Андрей посмотрел. Светло-голубое небо, как ножницы, распарывающие натянутую джинсовую ткань, прорезал миниатюрный самолет. За ним оставался пенный след, который, стираемый чьим-то ластиком, исчезал, по мере удаления его от хвоста самолета. Судя по всему, это был пассажирский аэробус, а не частный дельтаплан или "кукурузник". Серые выпуклые бока поблескивали на солнце в холодной, запредельной высоте, и он неторопливо шел своим маршрутом, перевозя куда-то людей.
— Видишь? — зачарованно прошептал Спящий.
— Естественно. Самолет, да?
— Да. Они летают здесь каждый день. В тринадцать часов пятнадцать минут. Затем через час. И еще. Еще. И так постоянно.
— Что с того, Максим? Причем тут самолеты и ты?
— Я вспомнил.
Андрей вздрогнул и дернулся, судорожно и привычно ища свой журнал, но тот остался лежать на ступенях, слишком далеко отсюда, и слишком важным был момент, чтобы просить Спящего подождать. Оставалось надеяться на технику. Он даже подвинул диктофон поближе, боясь, что тот пропустит хотя бы слово.
— Что ты вспомнил?
— Когда мне стали делать эти электрические уколы говноштукой, я долго маялся. Процедура нудная и болезненная, да и делать абсолютно нечего в эти часы. Поэтому я смотрел в окно. Первые самолет, кстати, пролетает в восемь утра. Я видел их, как они куда-то направляются, и не реагировал никак. Ну, вроде муха прожужжала или стрекоза, красиво, но бесполезно. До поры до времени. — Максим вздохнул и оторвал взгляд от самолета, постепенно растворяющегося где-то вдали. — Мне кажется, что электричество простимулировало меня до такой степени, что три дня назад мне приснился сон. В котором я летел.

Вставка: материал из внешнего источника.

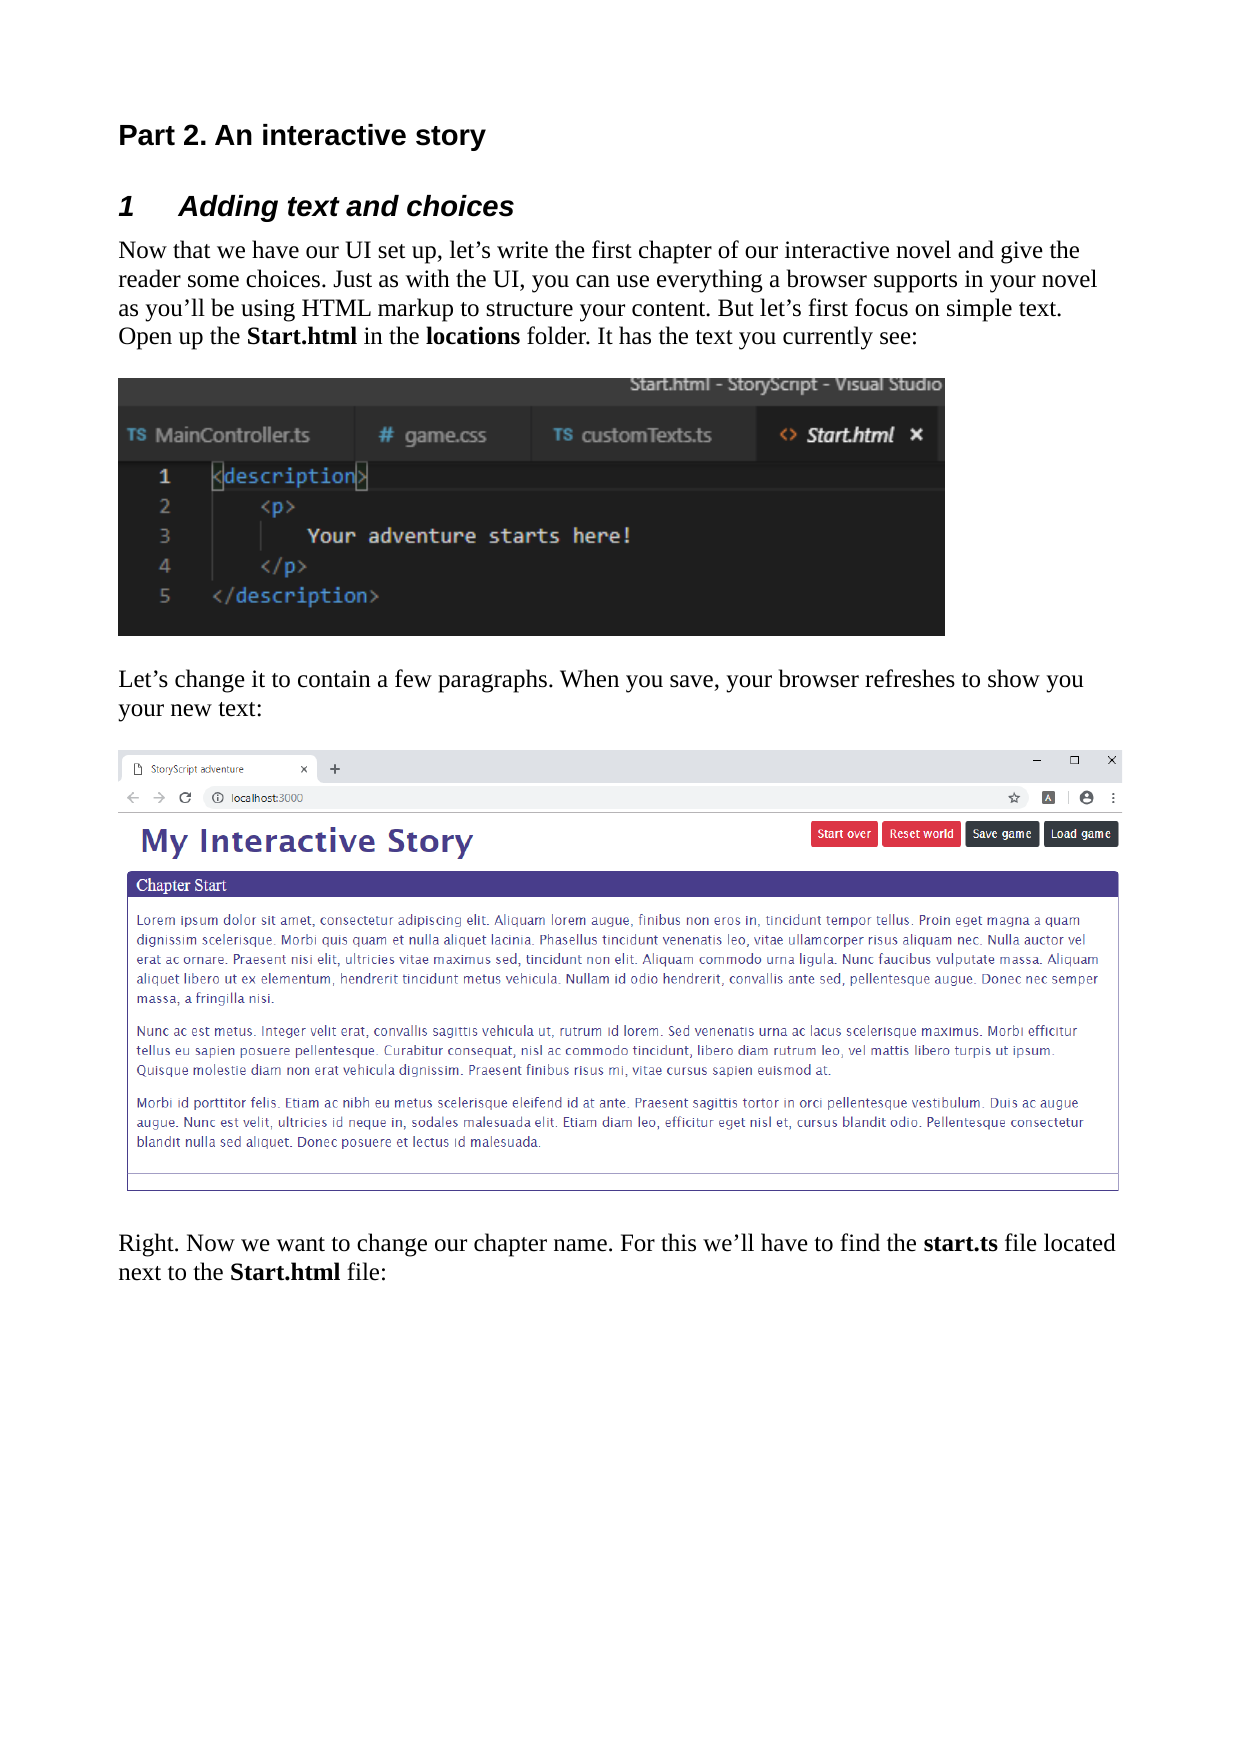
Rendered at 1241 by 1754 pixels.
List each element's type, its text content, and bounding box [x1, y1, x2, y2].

subtitle Adding text and choices [118, 189, 1122, 223]
subtitle Part 2. An interactive story [118, 118, 1122, 152]
text Let’s change it to contain a few paragraphs. When you save, your browser refreshes to show you your new text: [118, 664, 1122, 721]
text Now that we have our UI set up, let’s write the first chapter of our interactive novel and give the reader some choices. Just as with the UI, you can use everything a browser supports in your novel as you’ll be using HTML markup to structure your content. But let’s first focus on simple text. Open up the Start.html in the locations folder. It has the text you currently see: [118, 235, 1122, 350]
text Right. Now we want to change our chapter name. For this we’ll have to find the start.ts file located next to the Start.html file: [118, 1228, 1122, 1286]
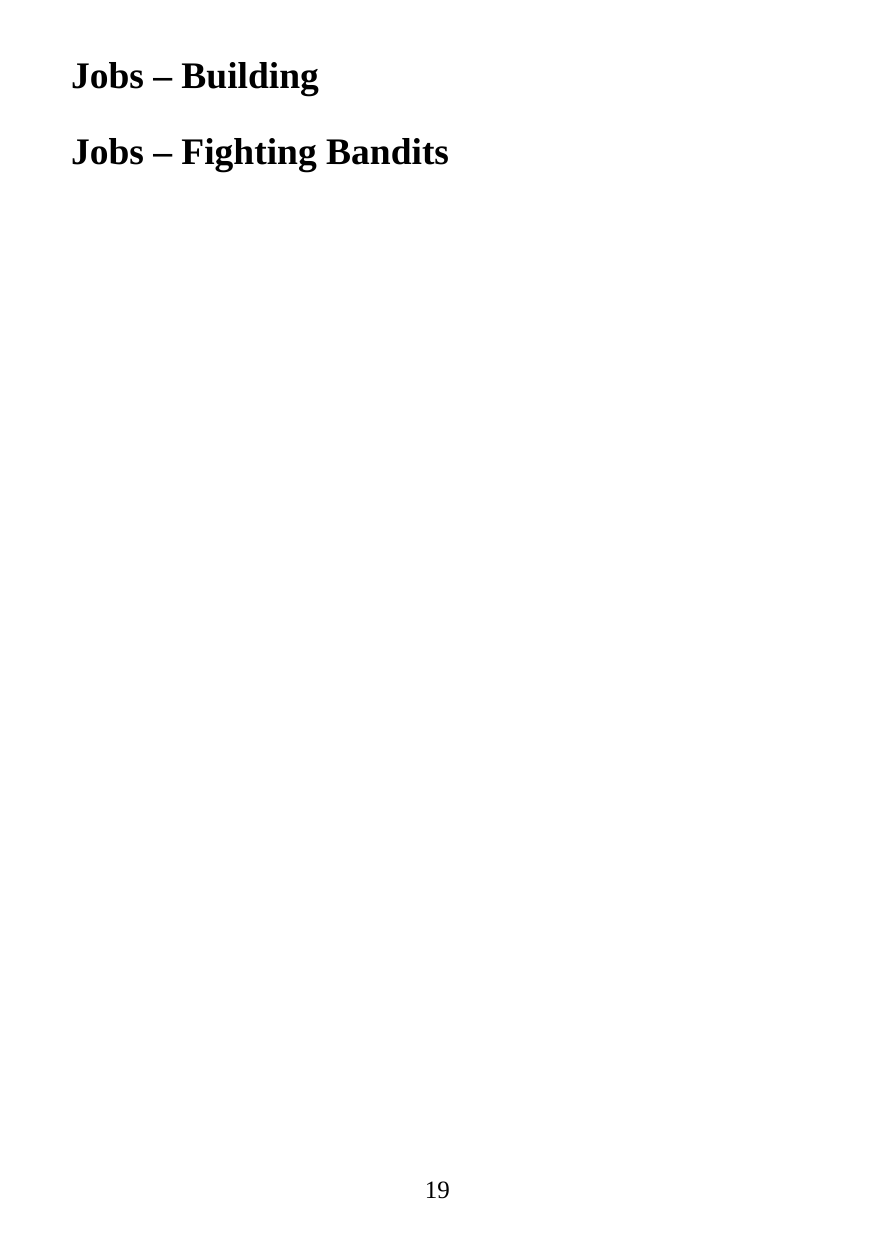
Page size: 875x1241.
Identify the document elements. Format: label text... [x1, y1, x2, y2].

— Летал во сне? Как Ариэль?
— Кто? — недоуменно переспросил Максим.
— Был такой персонаж книжный, умел летать, как птицы, но без крыльев. Не важно, продолжай.
— Нет, нет, я летел в самолете. Понимаешь?

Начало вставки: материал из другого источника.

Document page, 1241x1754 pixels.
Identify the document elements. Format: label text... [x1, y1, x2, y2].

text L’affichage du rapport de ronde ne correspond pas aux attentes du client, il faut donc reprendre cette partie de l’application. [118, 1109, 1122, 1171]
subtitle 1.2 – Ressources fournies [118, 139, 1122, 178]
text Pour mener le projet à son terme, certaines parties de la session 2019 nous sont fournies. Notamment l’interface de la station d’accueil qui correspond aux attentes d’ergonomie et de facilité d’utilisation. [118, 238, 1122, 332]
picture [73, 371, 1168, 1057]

— Да, — Андрей кивнул. — Все мы когда-то летали в самолетах, понимаю. Я думал, ты вспомнил кое-что более важное.
— Это и есть важное, если ты дослушаешь. Я не просто летел. — Максим закусил губу и опустил глаза. Экран смартфона потух, но если по его экрану провести пальцем, то там появятся две крутящихся старинных бабины. Диктофон молча делал свою работу. — Я падал.
— Куда?
— Самолет, в котором я летел, он падал. И конкретно. Мне снилось, что царила паника, но одновременно с этим я как будто был защищен. Возможно, что у меня был парашют или что-то такое. Люди кричали. Вопили. Я помню задницу женщины, в розовой юбке, она верещала и лезла куда-то вперед, по головам людей. У нее были круглые, обтянутые тканью, ягодицы, и бешеный взгляд. Она ничего не соображала. Она сошла с ума прямо там.
— Это больше похоже на кошмар, — Андрей разочарованно выдохнул. — Ты, наверное, прочитал где-то или фильм посмотрел.
— Почему?!
— Если бы самолет действительно падал, то вряд ли ты бы выжил. Ты помнишь что-то еще? Может, поконкретнее?
— Нет. Но это не кошмар и не просто сон. Потому что я вспоминаю это прямо сейчас.
— Так бывает, когда мозгу нечем замещать реальные воспоминания, и он берет все, что попало, как голодный наркоман, пускающий по венам отбеливатель.
— Но ведь есть же вероятность, что это правда? Что я начал вспоминать свое настоящее прошлое?!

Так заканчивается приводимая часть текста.